Cette visite de 10 jours a pris fin le 10 mars dernier et avait conduit M. Baldo dans les régions de Gao et Kidal, du 3 au 6. Au cours d’une conférence de presse qu’il a animée à l’hôtel de l’Amitié, QG de la Minusma, l’Expert indépendant sur la situation des droits de l’homme au Mali a exprimé de vives préoccupations face «aux violations massives des droits les plus fondamentaux» dont sont victimes les populations des zones affectées par la guerre. Selon lui, la situation de ni paix ni guerre, née de la fragilité de l’accord de cessation des hostilités signé à Alger en février dernier, encourage ceux qui ne s’intéressent pas à la paix à fouler aux pieds les efforts en cours. C’est d’ailleurs dans ce contexte qu’il a inscrit les récentes attaques qui ont causé cinq morts à Bamako et les tirs contre le camp de la Minusma à Kidal, dont le bilan est de deux enfants et un militaire tués. «Les groupes armés extrémistes ou terroristes, qui ne sont pas signataires de ces accords, ont un intérêt évident à saboter tout processus pouvant aboutir au retour de la paix et de la stabilité au Mali», a-t-il estimé. Toutefois, Suliman Baldo reste convaincu que toutes le parties prenantes au conflit ont commis de sérieuses violations, y compris des atteintes au droit à la vie, des disparitions forcées, des cas de torture, de violences sexuelles, d’arrestations et de détentions arbitraires, et des atteintes au droit à la propriété. «Ces derniers mois, des communautés entières ont été forcées de se déplacer afin de se protéger de châtiments collectifs imminents», a déclaré M. Baldo. Tout en se disant profondément préoccupé par la dégradation considérable de la situation dans le Nord depuis sa dernière visite au Mali, l’Expert a estimé que le retrait des autorités civiles maliennes de certaines régions nordistes à la suite des événements kidalois de mai 2014 a laissé à la population un sentiment d’abandon quasi-total. «En l’absence de magistrats et d’autres agents de la chaîne pénale, un climat d’impunité s’installe dans le Nord», a-t-il souligné, tout en rappelant que deux juges du tribunal de la commune III de Bamako et un du Pôle anti-terroriste sont actuellement en charge des enquêtes sur les violations des droits de l’homme et du droit international humanitaire perpétrées depuis le début de la crise, en 2012.

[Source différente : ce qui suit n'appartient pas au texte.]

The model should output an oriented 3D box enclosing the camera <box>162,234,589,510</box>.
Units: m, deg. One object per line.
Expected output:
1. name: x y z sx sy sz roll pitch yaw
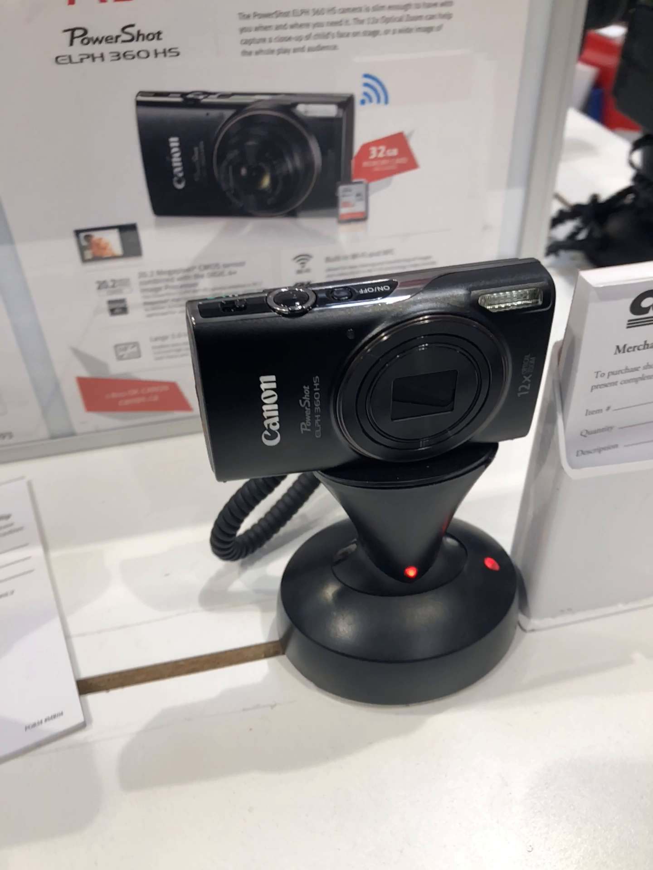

Au sujet des événements de Gao du 27 mars, M. Baldo a souligné que les casques bleus sont tenus de respecter les normes internationales. Sans toutefois vouloir préjuger l’issue de l’enquête, il a révélé que l’équipe de haut niveau mandatée par l’ONU pour enquêter sur lesdits événements présentera son rapport final d’ici à la fin de mars 2015.
Au regard de tout ce qui précède, Suliman Baldo a formulé d’importantes recommandations, d’abord à l’endroit des autorités maliennes. Il invite le gouvernement notamment à créer les conditions d’un retour effectif et durable de l’autorité de l’Etat dans le Nord; renforcer la lutte contre l’impunité; concernant l’organisation des funérailles, répondre favorablement aux demandes de l’association des parents et épouses des bérets rouges assassinés. S’y ajoutent le renforcement du cadre juridique de lutte contre l’esclavage et la reforme du secteur de la sécurité, notamment l’armée, la police, la gendarmerie et les services de la sécurité d’Etat, entre autres. Aux groupes armés, l’Expert indépendant recommande la cessation de toute attaque contre les populations; le respect de l’espace humanitaire et de mettre fin au recrutement et à l’utilisation des enfants. La communauté internationale, selon les recommandations de M. Baldo, devrait veiller à ce que l’ONU et ses Etats membres n’endossent aucun accord de paix sur la crise au Mali qui prévoit une amnistie pour les crimes internationaux; apporter un soutien financier et une assistance technique aux efforts du Gouvernement visant à renforcer les capacités du système judiciaire malien et enfin appuyer les initiatives maliennes dans le domaine de la réforme du secteur de la sécurité.
Il importe de souligner que le Soudanais Suliman Baldo a pris ses fonctions d’expert indépendant sur la situation des droits de l’homme au Mali le 1er août 2013. Le mandat d’expert indépendant a été renouvelé par le Conseil des droits de l’homme des Nations Unies le 15 avril 2014 pour une période d’un an. Ce, en vue d’aider le Gouvernement malien dans ses actions de promotion et de protection des droits de l’homme et dans la mise en œuvre des recommandations formulées dans les résolutions du Conseil des droits de l’homme des Nations Unies.